About the RAM's, and even though I respect other people's results, I can't understand how they can recover those values from RAM IC, when I constantly get low yields. On the other hand, I get very good yields from BGA chips, which are considered high grade, using the process I always use.

I am not trying to deny other people's results, because they surely haven't created the gold when it wasn't there. But, as I believe that my process is being made correctly (and I am being as humble as I can here), I try to find explanations to why my results are below what other people are getting on the same material.
Picking up on denim's statement on RAM yields, 4,5g from 2,583kg of chips, gives a 1,74g Au/kg, which is perfectly within the amounts present in some yieldlist, as for the fingers. But I don't know why, in my material, it's just not there.
Also, just saw a yield list that states that in 100 RAMs, there are 0,6-0,9g of gold. Well, my results are well above that range.

Winged


----------



## snoman701 (Jul 14, 2019)

Winged...as someone who is not vested in this conversation.

If Jon says you are missing gold, you should be looking for it, or very specifically pointing out your procedure for others to critique...not trying to defend your current numbers. 

He makes his living processing literal tons of it, whereas the hobbiests producing and sharing the data have maybe processed pounds. 

It’s really in your best interest. 

Otherwise, impressive post. 




Sent from my iPhone using Tapatalk


----------



## snoman701 (Jul 14, 2019)

I will add...I understand peoples love of the panning, blue bowl, gravity separation, etc. The reality however is that when you get in to RAM and other small chips, unlike BGA's, is that the length of the wire is very very small. It's very easy for these pieces of wire to catch a ride on a 100 mesh piece of ash, and wash right on out of your collection riffle.


----------



## Wingedcloud (Jul 14, 2019)

snoman701 said:


> Winged...as someone who is not vested in this conversation.
> 
> If Jon says you are missing gold, you should be looking for it, or very specifically pointing out your procedure for others to critique...not trying to defend your current numbers.
> 
> ...



Hey snoman701,

Thank you for your reply.
I am not trying to discredit other people's data and statement. Far from it. And if Jon really has the experience from processing tons of this material, his knowledge should really be taken into consideration. No question about it. And I would be delighted to expose my procedure in detail, so he or someone else can point out some mistakes, so I can improve.
I am just trying to figure out why my numbers are below the acceptable yields, using the means at my disposal.



snoman701 said:


> The reality however is that when you get in to RAM and other small chips, unlike BGA's, is that the length of the wire is very very small. It's very easy for these pieces of wire to catch a ride on a 100 mesh piece of ash, and wash right on out of your collection riffle.

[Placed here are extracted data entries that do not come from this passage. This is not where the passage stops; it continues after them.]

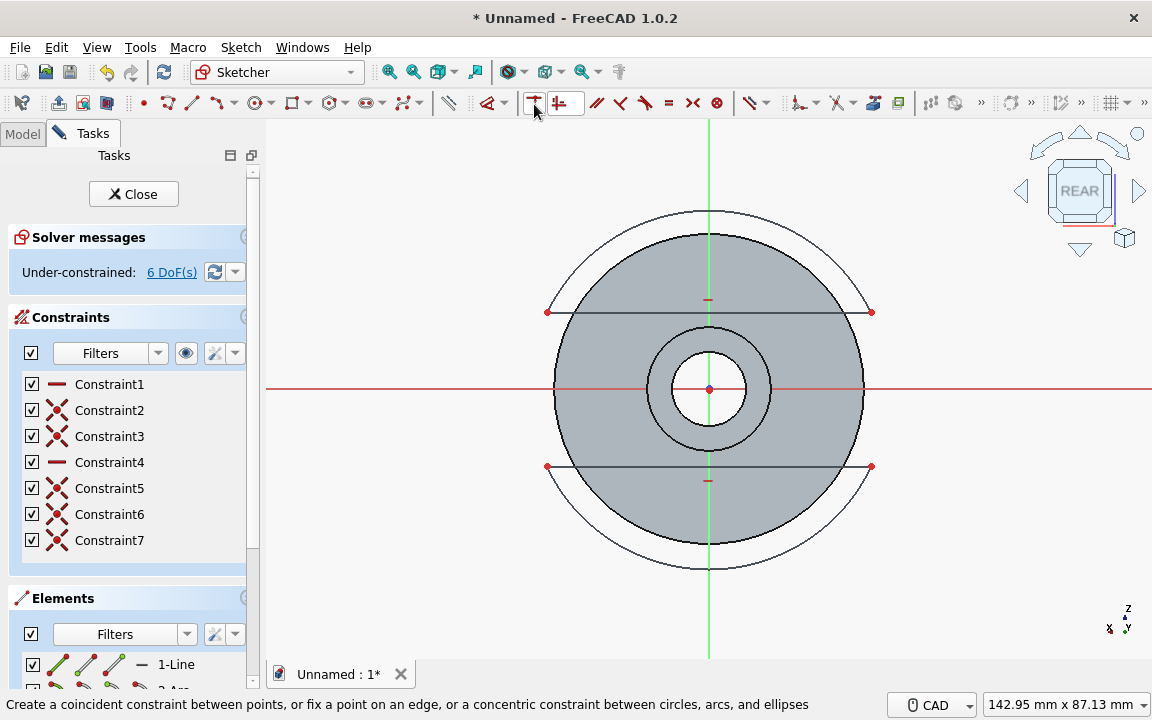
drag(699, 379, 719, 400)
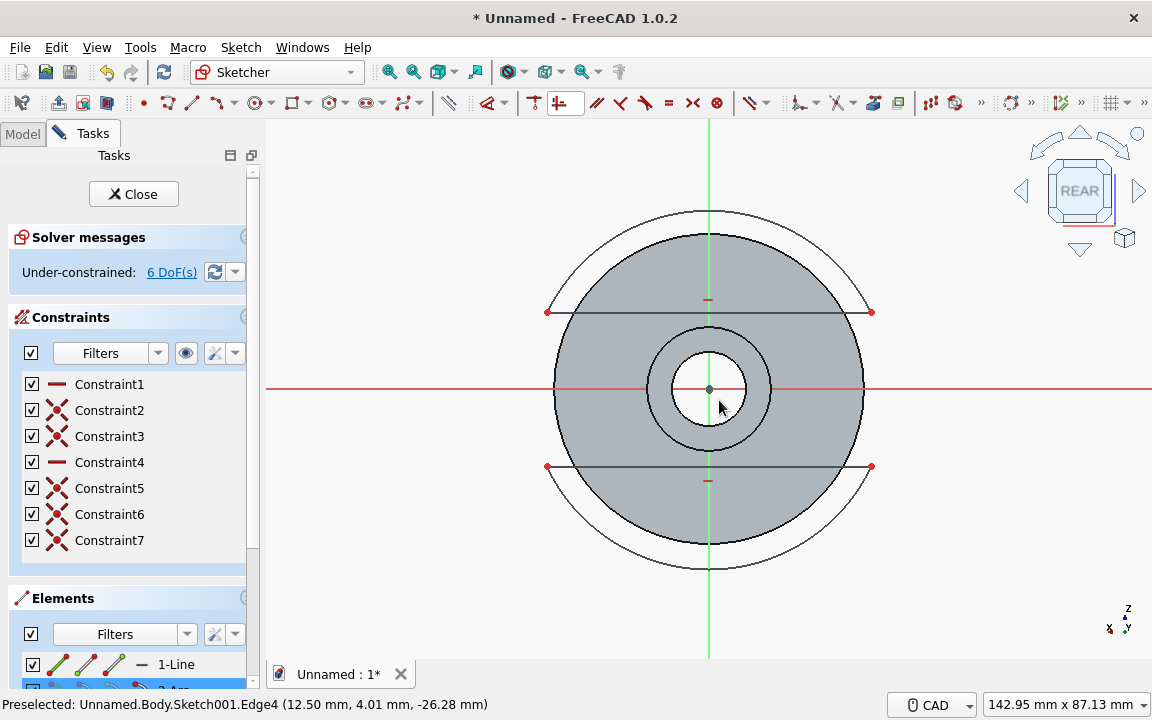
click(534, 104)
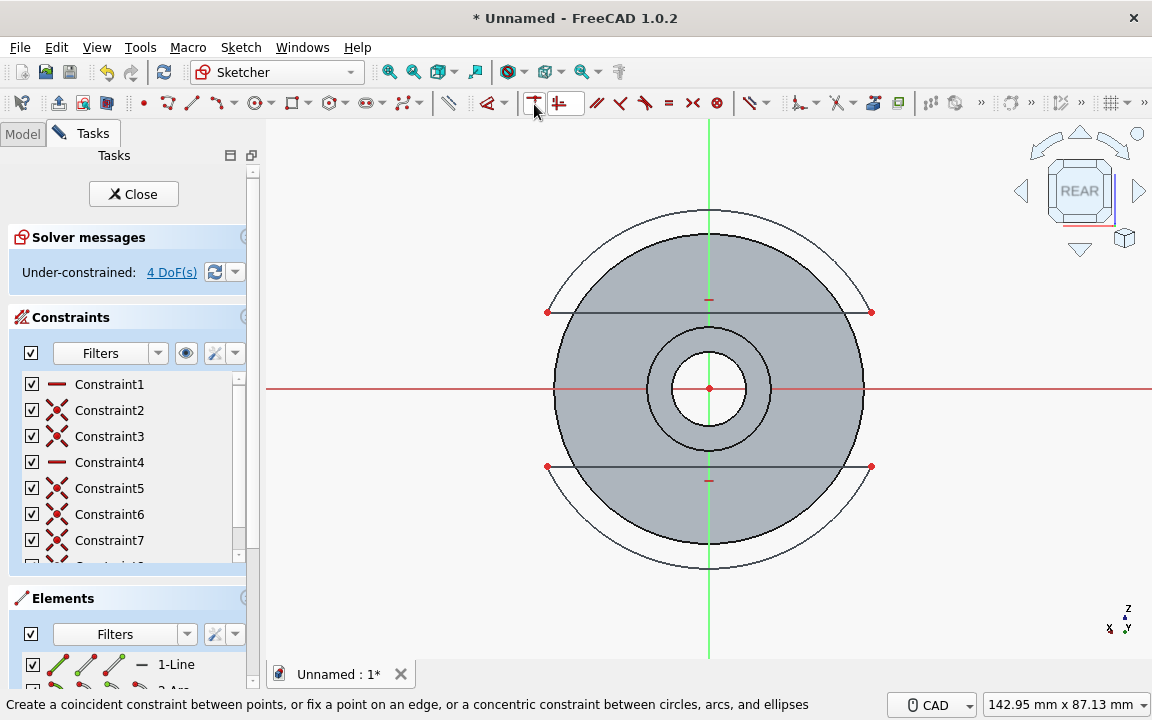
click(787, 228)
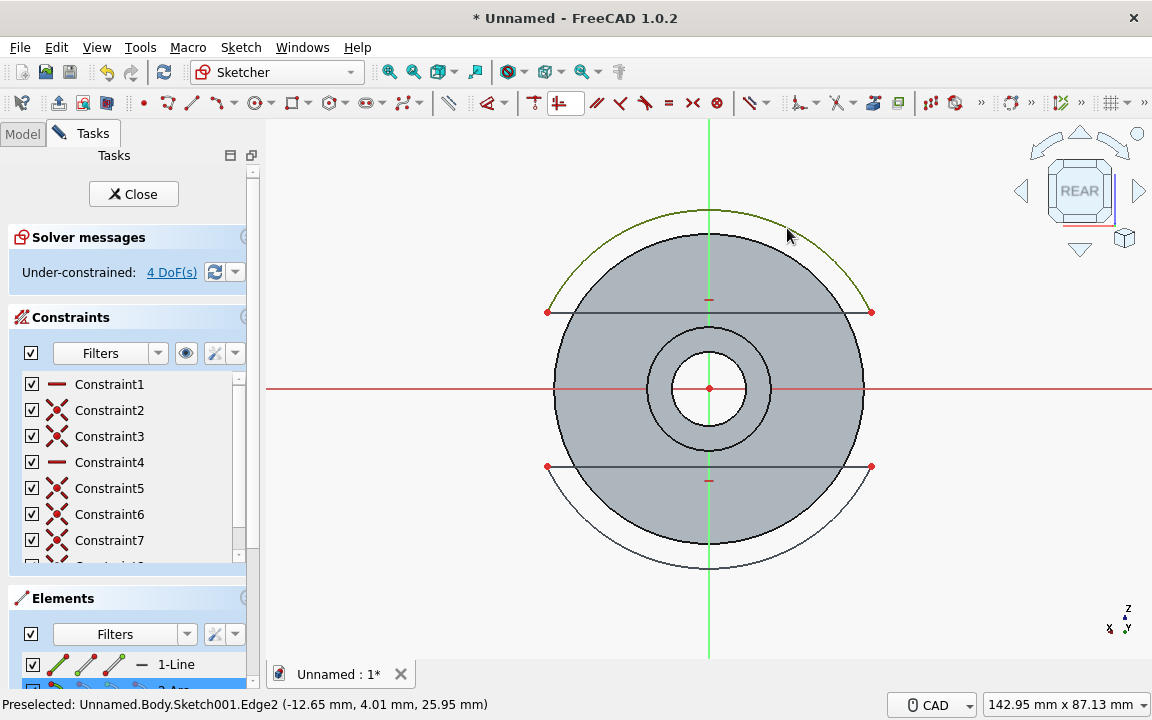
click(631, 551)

Now that is a reason I am willing to accept to explain my low yield on RAM IC !!!
What can I do to prevent that from happening?

Winged


----------



## kernels (Jul 14, 2019)

Hey Wingedcloud, my 2c as someone who has processed many kgs of ram . . . 

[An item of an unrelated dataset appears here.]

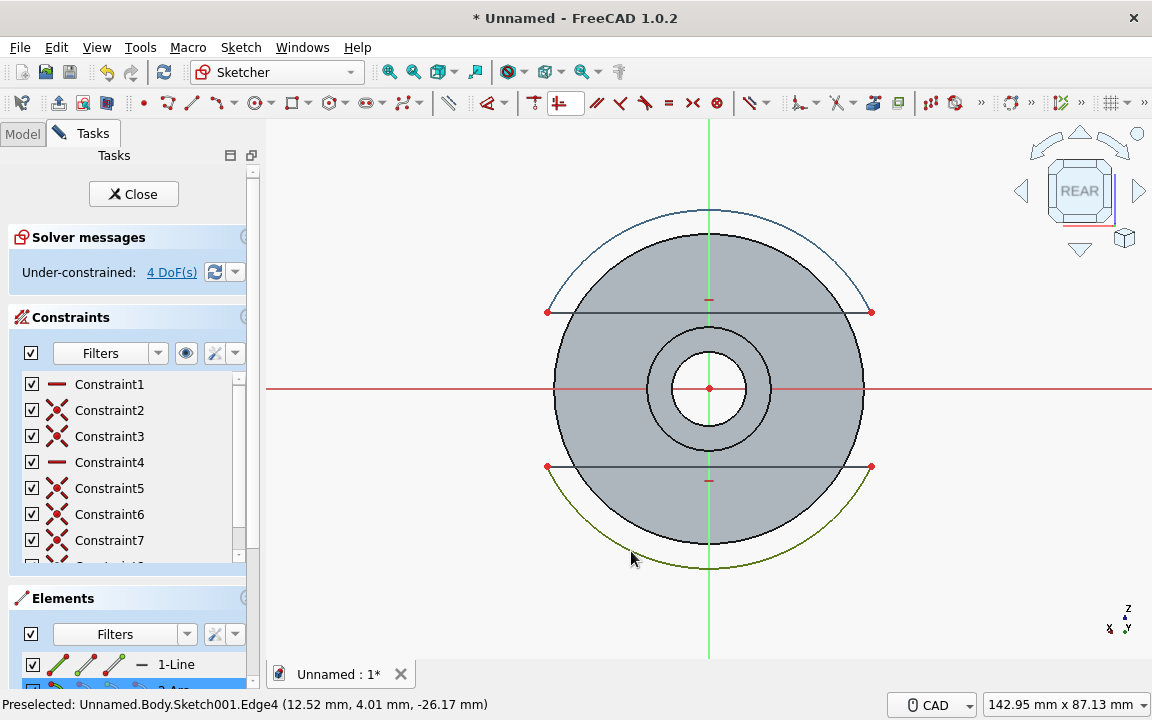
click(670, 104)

If all your ram chips were the type with legs, I bargain on around 1g / kg and get numbers around that very reliably, BGA RAM can vary tremendously, I've had as low as 2g/kg up to 6g/kg. Your picture looks like all "legs" ram, or was it mixed legs and BGA ? 

Ram fingers I work on 4g/kg on average. 

Unfortunately I save up my ceramic processors instead of processing them, so can't offer much advice there.


----------



## Wingedcloud (Jul 15, 2019)

kernels said:


> Hey Wingedcloud, my 2c as someone who has processed many kgs of ram . . .
> 
> If all your ram chips were the type with legs, I bargain on around 1g / kg and get numbers around that very reliably, BGA RAM can vary tremendously, I've had as low as 2g/kg up to 6g/kg. Your picture looks like all "legs" ram, or was it mixed legs and BGA ?
> 
> ...


Hello kernels, thanks for your input.

If I recall correctly, it was mixed "legs" and BGA, but mostly "legs".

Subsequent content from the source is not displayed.